Semantic web browser extension BlueOrganizer relaunched tonight with more of the most popular services on the web smartly integrated into an easier to use interface.

The company says its extension is intended to let users browse the web with context and that its semantic technology cuts steps out of search. The basic idea behind AdaptiveBlue’s BlueOrganizer is that it can tell what the web pages you’re looking at are about and it offers you useful links based on the particular subject matter.

It’s been downloaded more than a million times, several times by me personally – yet I don’t find myself using it regularly yet. This new release might change that.

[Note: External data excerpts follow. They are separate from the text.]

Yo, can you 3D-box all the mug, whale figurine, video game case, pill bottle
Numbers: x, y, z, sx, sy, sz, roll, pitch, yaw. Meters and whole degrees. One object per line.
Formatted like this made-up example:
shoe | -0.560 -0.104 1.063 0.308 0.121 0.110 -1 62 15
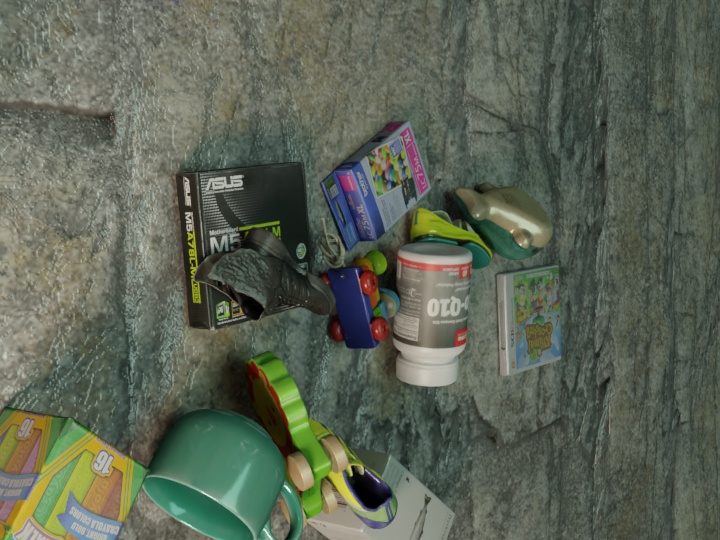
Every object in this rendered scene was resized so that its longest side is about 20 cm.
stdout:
mug | -0.158 0.245 1.238 0.185 0.151 0.115 55 49 -38
whale figurine | 0.229 -0.080 1.752 0.199 0.104 0.160 10 38 -40
video game case | 0.314 0.088 1.919 0.199 0.022 0.184 -8 97 -51
pill bottle | 0.107 0.066 1.580 0.113 0.113 0.202 -12 109 -50

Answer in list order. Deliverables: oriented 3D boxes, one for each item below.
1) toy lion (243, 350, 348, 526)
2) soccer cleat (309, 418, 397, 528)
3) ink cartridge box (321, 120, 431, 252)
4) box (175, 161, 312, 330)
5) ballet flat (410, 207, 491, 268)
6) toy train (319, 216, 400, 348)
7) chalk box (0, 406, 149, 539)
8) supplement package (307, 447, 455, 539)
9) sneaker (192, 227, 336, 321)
toy lion | -0.095 0.206 1.322 0.068 0.192 0.201 -23 150 -23
soccer cleat | -0.025 0.255 1.376 0.065 0.200 0.084 -37 154 -24
ink cartridge box | 0.028 -0.127 1.551 0.200 0.042 0.120 -42 122 -40
box | -0.143 -0.037 1.335 0.199 0.047 0.195 -12 103 -51
ballet flat | 0.149 -0.057 1.686 0.199 0.067 0.068 18 58 -48
toy train | 0.000 0.000 1.491 0.116 0.084 0.202 -40 121 -55
chalk box | -0.331 0.257 1.047 0.124 0.123 0.201 45 57 -41
supplement package | 0.029 0.352 1.498 0.200 0.117 0.118 47 56 -41
sneaker | -0.114 0.025 1.295 0.200 0.060 0.105 47 55 -36
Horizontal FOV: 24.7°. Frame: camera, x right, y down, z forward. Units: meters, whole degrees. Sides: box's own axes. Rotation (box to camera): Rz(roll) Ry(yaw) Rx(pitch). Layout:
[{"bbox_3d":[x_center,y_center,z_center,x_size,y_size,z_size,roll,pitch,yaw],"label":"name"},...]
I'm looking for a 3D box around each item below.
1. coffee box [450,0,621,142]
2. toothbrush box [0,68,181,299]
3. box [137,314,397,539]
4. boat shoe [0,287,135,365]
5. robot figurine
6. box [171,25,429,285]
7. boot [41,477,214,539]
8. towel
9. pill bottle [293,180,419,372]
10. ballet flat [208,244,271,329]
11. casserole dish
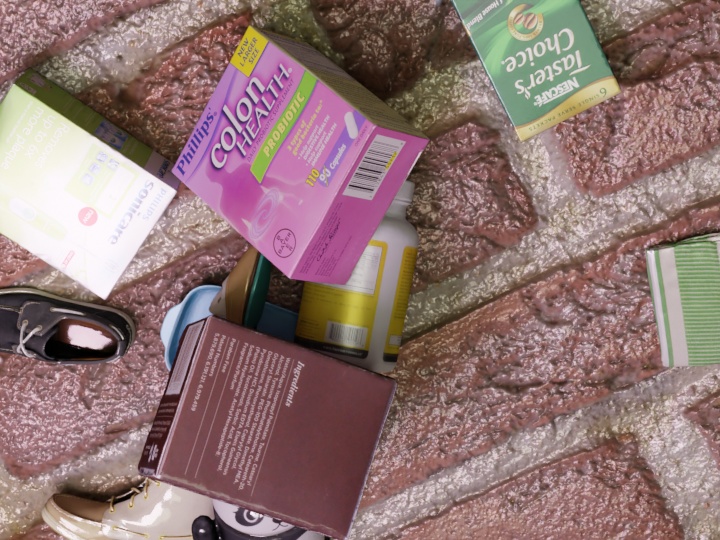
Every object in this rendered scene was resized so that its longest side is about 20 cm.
[{"bbox_3d":[0.174,-0.247,1.688,0.122,0.044,0.201,-25,106,8],"label":"coffee box"},{"bbox_3d":[-0.307,-0.091,1.720,0.199,0.086,0.146,34,105,-11],"label":"toothbrush box"},{"bbox_3d":[-0.096,0.155,1.627,0.199,0.166,0.165,20,80,-11],"label":"box"},{"bbox_3d":[-0.347,0.065,1.781,0.198,0.068,0.072,7,109,0],"label":"boat shoe"},{"bbox_3d":[-0.096,0.273,1.795,0.124,0.151,0.201,17,138,22],"label":"robot figurine"},{"bbox_3d":[-0.063,-0.116,1.650,0.200,0.096,0.177,41,109,32],"label":"box"},{"bbox_3d":[-0.241,0.244,1.833,0.199,0.072,0.155,19,108,-12],"label":"boot"},{"bbox_3d":[0.416,0.024,1.785,0.199,0.023,0.154,-11,108,2],"label":"towel"},{"bbox_3d":[0.000,0.000,1.721,0.111,0.112,0.201,11,91,-3],"label":"pill bottle"},{"bbox_3d":[-0.135,0.062,1.741,0.063,0.069,0.201,10,106,12],"label":"ballet flat"},{"bbox_3d":[-0.120,0.084,1.799,0.199,0.039,0.122,20,106,-7],"label":"casserole dish"}]
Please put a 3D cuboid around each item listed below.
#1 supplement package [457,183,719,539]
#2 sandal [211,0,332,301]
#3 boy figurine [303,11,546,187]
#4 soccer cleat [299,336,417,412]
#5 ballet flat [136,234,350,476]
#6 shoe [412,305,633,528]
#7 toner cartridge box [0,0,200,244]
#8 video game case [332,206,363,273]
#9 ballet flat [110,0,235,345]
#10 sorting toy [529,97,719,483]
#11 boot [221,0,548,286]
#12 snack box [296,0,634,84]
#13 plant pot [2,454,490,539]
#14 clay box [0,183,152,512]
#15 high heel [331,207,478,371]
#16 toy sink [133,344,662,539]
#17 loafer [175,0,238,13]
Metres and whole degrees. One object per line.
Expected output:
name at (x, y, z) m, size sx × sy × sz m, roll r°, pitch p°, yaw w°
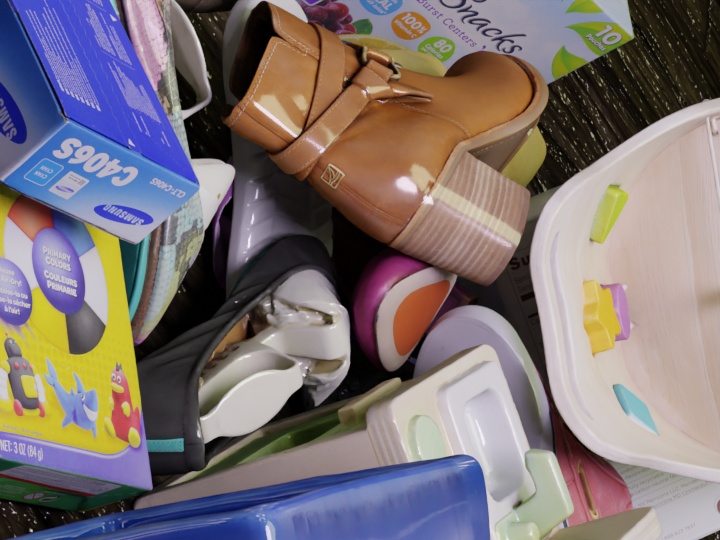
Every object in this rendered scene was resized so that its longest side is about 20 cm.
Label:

If you’re on a page about music, movies, maps, recipes, wine or any of 24 other topics – then clicking the BlueOrganizer button will bring up a menu of options from topical search options like Yelp on Restaurant pages or LibraryThing on book pages. Tonight I was reading Perez Hilton about Gary Coleman’s recent wedding and in just two quick clicks I was watching Diff’rentStrokes on YouTube. It was a miracle, albeit a small and strange one.

After some testing of the new version I can say that it’s something I’d like to use regularly even if today it’s outside of my typical workflow today.

What’s New

Highlights of the new release include:

  • Text level semantic analysis, highlight a section of a page in addition to viewing options based on the whole page.
  • A collapsed menu tree. If you’ve seen BlueOrganizer before, it’s a lot easier to use now.
  • Integration of Twitter, Tumblr, TinyURL, Google Custom Search Engines and Lijit, among other popular new services.
  • Context sensitive icons in the toolbar, when you’re on a video page you’ll see a big icon with a video camera, a book on book pages, signaling a different set of search options.
  • Personalized search options based on your browser history and personal selections.
  • Microformats support, reading microformats at least.

You can see more on the very nicely designed features page. I wish every startup that contacted us put together announcement resources of this quality.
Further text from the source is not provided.